WHAT THE EXERCISE ASKS :: Examine the entries and show every line in which the word "winner" is found.

THE DATA ::

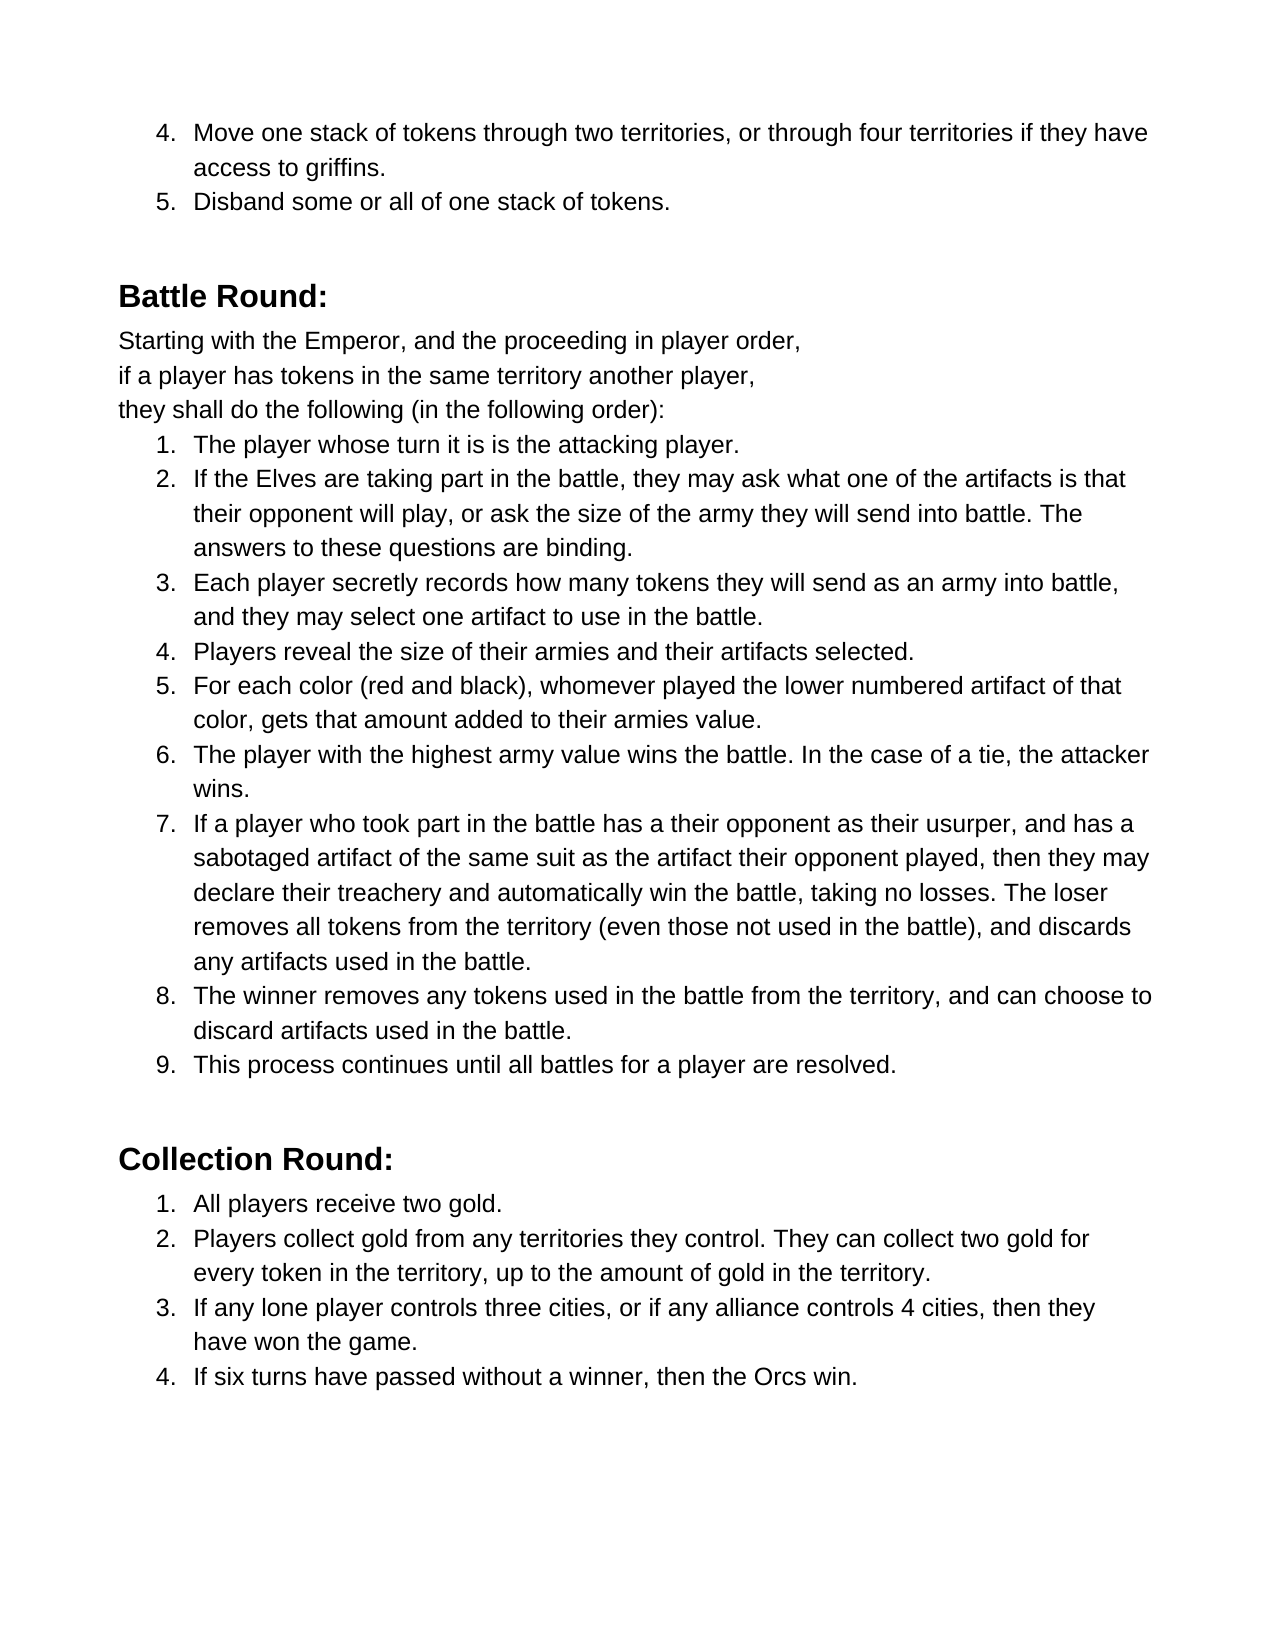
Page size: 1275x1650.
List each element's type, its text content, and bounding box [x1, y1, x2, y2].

list Move one stack of tokens through two territories, or through four territories if they have access to griffins. [156, 118, 1157, 181]
list Disband some or all of one stack of tokens. [156, 187, 1157, 216]
text Starting with the Emperor, and the proceeding in player order, [118, 326, 1157, 355]
list Players collect gold from any territories they control. They can collect two gold for every token in the territory, up to the amount of gold in the territory. [156, 1224, 1157, 1287]
list Each player secretly records how many tokens they will send as an army into battle, and they may select one artifact to use in the battle. [156, 568, 1157, 631]
list For each color (red and black), whomever played the lower numbered artifact of that color, gets that amount added to their armies value. [156, 671, 1157, 734]
list The winner removes any tokens used in the battle from the territory, and can choose to discard artifacts used in the battle. [156, 981, 1157, 1044]
subtitle Battle Round: [118, 277, 1157, 314]
list This process continues until all battles for a player are resolved. [156, 1050, 1157, 1079]
list Players reveal the size of their armies and their artifacts selected. [156, 637, 1157, 665]
list If the Elves are taking part in the battle, they may ask what one of the artifacts is that their opponent will play, or ask the size of the army they will send into battle. The answers to these questions are binding. [156, 464, 1157, 562]
text they shall do the following (in the following order): [118, 395, 1157, 424]
subtitle Collection Round: [118, 1140, 1157, 1177]
text if a player has tokens in the same territory another player, [118, 361, 1157, 389]
list The player with the highest army value wins the battle. In the case of a tie, the attacker wins. [156, 740, 1157, 803]
list If any lone player controls three cities, or if any alliance controls 4 cities, then they have won the game. [156, 1293, 1157, 1356]
list All players receive two gold. [156, 1189, 1157, 1218]
list The player whose turn it is is the attacking player. [156, 430, 1157, 458]
list If a player who took part in the battle has a their opponent as their usurper, and has a sabotaged artifact of the same suit as the artifact their opponent played, then they may declare their treachery and automatically win the battle, taking no losses. The loser removes all tokens from the territory (even those not used in the battle), and discards any artifacts used in the battle. [156, 809, 1157, 976]
list If six turns have passed without a winner, then the Orcs win. [156, 1362, 1157, 1391]

RESULT BELOW ::
list The winner removes any tokens used in the battle from the territory, and can choose to discard artifacts used in the battle. [156, 981, 1157, 1044]
list If six turns have passed without a winner, then the Orcs win. [156, 1362, 1157, 1391]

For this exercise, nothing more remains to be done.